[Top][All Lists]
[Date Prev][Date Next][Thread Prev][Thread Next][Date Index][Thread Index]
Re: [PATCH v2] dfa: optimize UTF-8 period
From: |
Jim Meyering |
Subject: |
Re: [PATCH v2] dfa: optimize UTF-8 period |
Date: |
Tue, 20 Apr 2010 15:49:35 +0200 |
Paolo Bonzini wrote:
> On 04/20/2010 12:06 PM, Jim Meyering wrote:
>> printf '\n'|LC_ALL=en_US.utf8 src/grep -zl .
>> printf '\0'|LC_ALL=en_US.utf8 src/grep -l .
>>
>> They should fail.
>
> By the way, I disagree that the first should fail.
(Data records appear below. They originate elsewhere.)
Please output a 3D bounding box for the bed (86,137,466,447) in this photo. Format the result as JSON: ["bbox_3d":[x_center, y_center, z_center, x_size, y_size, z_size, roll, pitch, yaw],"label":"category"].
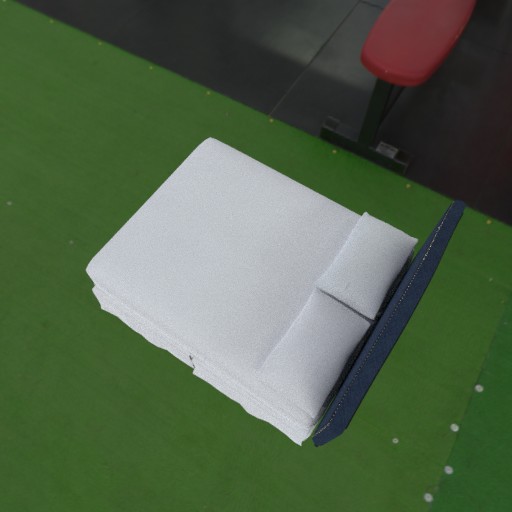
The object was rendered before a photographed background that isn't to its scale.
[{"bbox_3d":[0.000,0.000,3.253,2.153,1.518,1.725,31,67,15],"label":"bed"}]
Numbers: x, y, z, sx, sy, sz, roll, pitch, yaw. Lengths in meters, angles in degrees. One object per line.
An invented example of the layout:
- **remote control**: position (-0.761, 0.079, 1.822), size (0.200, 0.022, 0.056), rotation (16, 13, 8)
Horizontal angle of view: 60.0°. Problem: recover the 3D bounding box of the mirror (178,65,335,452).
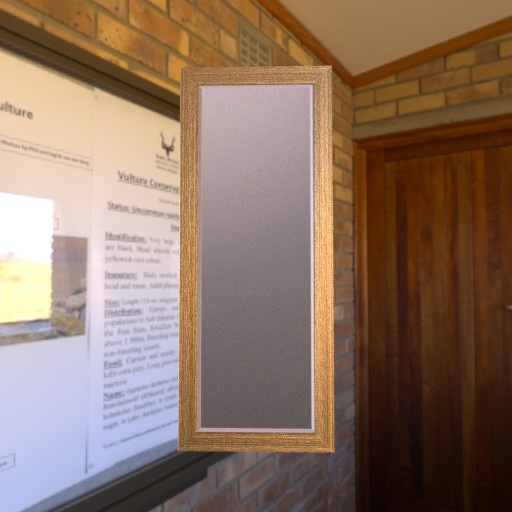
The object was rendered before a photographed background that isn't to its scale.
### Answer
- **mirror**: position (0.000, 0.000, 2.350), size (0.812, 2.031, 0.025), rotation (0, -2, 2)
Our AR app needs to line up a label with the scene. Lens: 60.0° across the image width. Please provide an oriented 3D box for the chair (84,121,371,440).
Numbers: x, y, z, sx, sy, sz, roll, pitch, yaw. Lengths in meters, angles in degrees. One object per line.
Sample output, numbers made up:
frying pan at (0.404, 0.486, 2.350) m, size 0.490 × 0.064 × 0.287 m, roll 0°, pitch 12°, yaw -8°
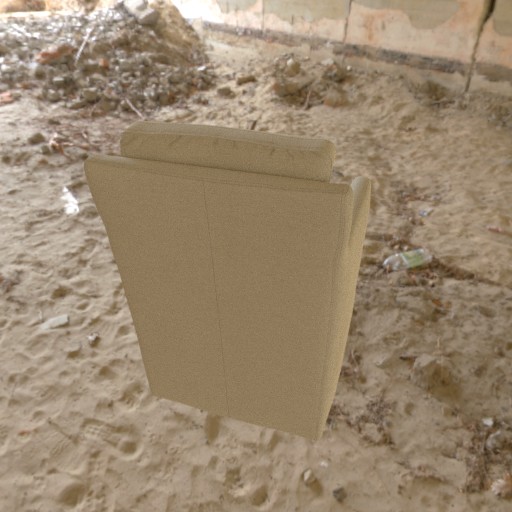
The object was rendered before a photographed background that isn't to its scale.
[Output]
chair at (0.000, 0.000, 1.377) m, size 0.626 × 0.914 × 0.694 m, roll 10°, pitch 34°, yaw 15°
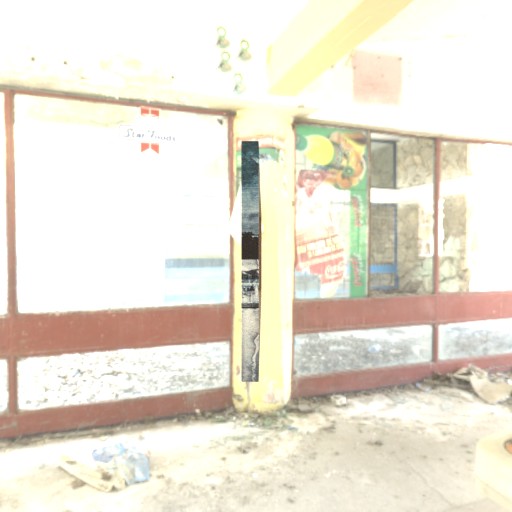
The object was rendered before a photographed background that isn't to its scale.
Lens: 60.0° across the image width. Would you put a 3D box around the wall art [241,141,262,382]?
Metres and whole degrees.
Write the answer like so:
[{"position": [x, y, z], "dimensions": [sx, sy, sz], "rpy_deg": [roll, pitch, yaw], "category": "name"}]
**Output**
[{"position": [0.000, 0.000, 1.695], "dimensions": [0.037, 0.509, 1.524], "rpy_deg": [0, 1, 1], "category": "wall art"}]
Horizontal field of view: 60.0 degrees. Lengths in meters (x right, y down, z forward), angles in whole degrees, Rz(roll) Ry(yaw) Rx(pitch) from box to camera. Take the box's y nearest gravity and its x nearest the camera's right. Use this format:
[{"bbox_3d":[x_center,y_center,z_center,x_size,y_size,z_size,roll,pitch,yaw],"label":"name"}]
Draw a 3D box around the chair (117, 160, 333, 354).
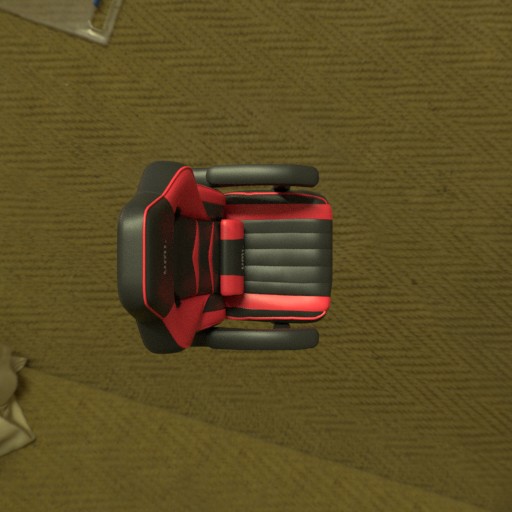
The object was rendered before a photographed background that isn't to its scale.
[{"bbox_3d":[0.000,0.000,1.670,0.700,1.220,0.700,0,90,0],"label":"chair"}]
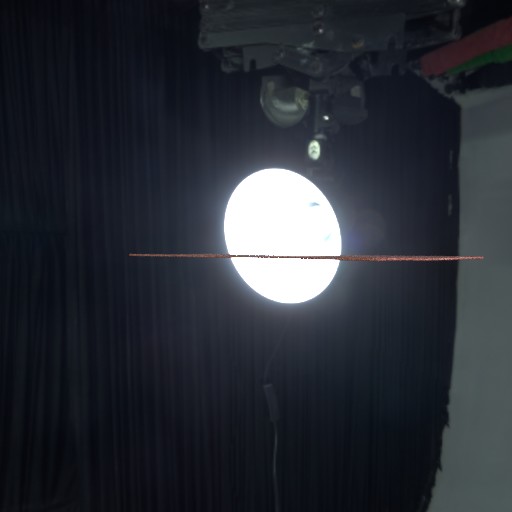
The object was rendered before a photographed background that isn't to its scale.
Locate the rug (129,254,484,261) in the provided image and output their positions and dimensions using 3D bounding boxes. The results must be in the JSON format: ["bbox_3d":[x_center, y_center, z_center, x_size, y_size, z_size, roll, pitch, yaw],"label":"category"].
[{"bbox_3d":[0.000,0.000,2.580,0.687,0.012,2.307,0,1,-36],"label":"rug"}]
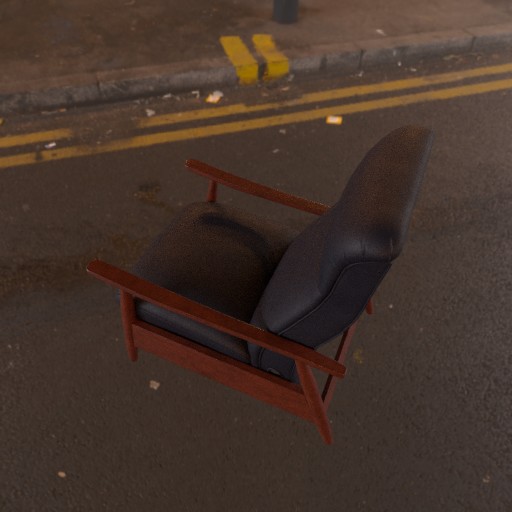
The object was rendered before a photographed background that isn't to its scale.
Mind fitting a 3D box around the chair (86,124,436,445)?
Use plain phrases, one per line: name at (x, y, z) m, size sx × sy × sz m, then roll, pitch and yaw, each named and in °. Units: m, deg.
chair at (0.000, 0.000, 1.748) m, size 1.014 × 1.082 × 0.762 m, roll 18°, pitch 49°, yaw 16°
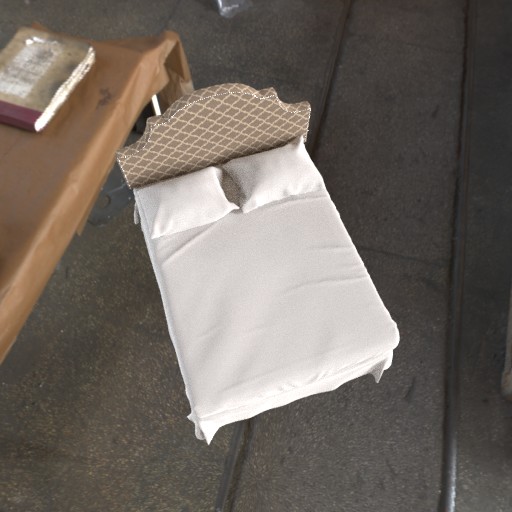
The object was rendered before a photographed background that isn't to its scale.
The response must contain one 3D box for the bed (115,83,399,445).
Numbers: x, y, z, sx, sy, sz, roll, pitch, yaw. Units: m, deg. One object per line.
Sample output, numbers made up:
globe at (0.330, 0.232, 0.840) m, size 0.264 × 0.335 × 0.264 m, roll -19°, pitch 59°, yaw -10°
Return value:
bed at (0.000, 0.000, 3.420) m, size 1.780 × 1.633 × 2.222 m, roll -17°, pitch 64°, yaw -8°
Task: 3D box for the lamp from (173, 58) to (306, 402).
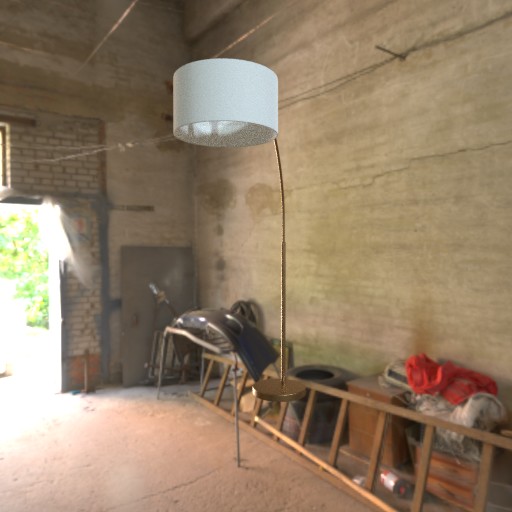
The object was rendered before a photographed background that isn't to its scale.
[{"bbox_3d":[0.000,0.000,2.570,0.493,1.927,1.434,0,1,18],"label":"lamp"}]

With -z the record
> separator ("newline") character is \0, so \n is just like any other
> character. The second should fail with
>
> printf '\0'|LC_ALL=en_US.utf8 POSIXLY_CORRECT=1 src/grep -l .
Good points. Thanks.
Here's a revised test (still failing, of course):
>From 5490e0283796cd4604a86a781644ef87de95526f Mon Sep 17 00:00:00 2001
From: Jim Meyering <address@hidden>
Date: Tue, 20 Apr 2010 11:34:57 +0200
Subject: [PATCH] tests: ensure that "." does not match NUL
* tests/dot-vs-NUL-and-NL: New file.
* tests/Makefile.am (TESTS): Add it.
---
tests/Makefile.am | 1 +
tests/dot-vs-NUL-and-NL | 31 +++++++++++++++++++++++++++++++
2 files changed, 32 insertions(+), 0 deletions(-)
create mode 100644 tests/dot-vs-NUL-and-NL
diff --git a/tests/Makefile.am b/tests/Makefile.am
index c2cc82c..b81e9ee 100644
--- a/tests/Makefile.am
+++ b/tests/Makefile.am
@@ -37,6 +37,7 @@ TESTS = \
case-fold-char-type \
char-class-multibyte \
dfaexec-multibyte \
+ dot-vs-NUL-and-NL \
empty \
ere.sh \
euc-mb \
diff --git a/tests/dot-vs-NUL-and-NL b/tests/dot-vs-NUL-and-NL
new file mode 100644
index 0000000..d7927a8
--- /dev/null
+++ b/tests/dot-vs-NUL-and-NL
@@ -0,0 +1,31 @@
+#!/bin/sh
+# Ensure that the match-any "." pattern does not match "\0", and
+# does match "\n" with -z.
+: ${srcdir=.}
+. "$srcdir/init.sh"; path_prepend_ ../src
+
+require_en_utf8_locale_
+
+printf '\n' > nl || framework_failure_
+printf '\0' > nul || framework_failure_
+fail=0
+
+for loc in en_US.UTF-8 C; do
+
+ # "." must not match "\0"
+ LC_ALL=$loc POSIXLY_CORRECT=1 grep -l . nul > out 2>&1
+ # Expect no match and no output.
+ test $? = 1 || fail=1
+ compare out /dev/null || fail=1
+
+ # In general, "." must not match "\n".
+ LC_ALL=$loc grep -l . nl > out
+ test $? = 1 || fail=1
+ compare out /dev/null || fail=1
+
+ # However, "." *does* match "\n" when "\0" is the input record delimiter.
+ LC_ALL=$loc grep -zl . nl > out || fail=1
+
+done
+
+Exit $fail
--
1.7.1.rc2.265.g8743f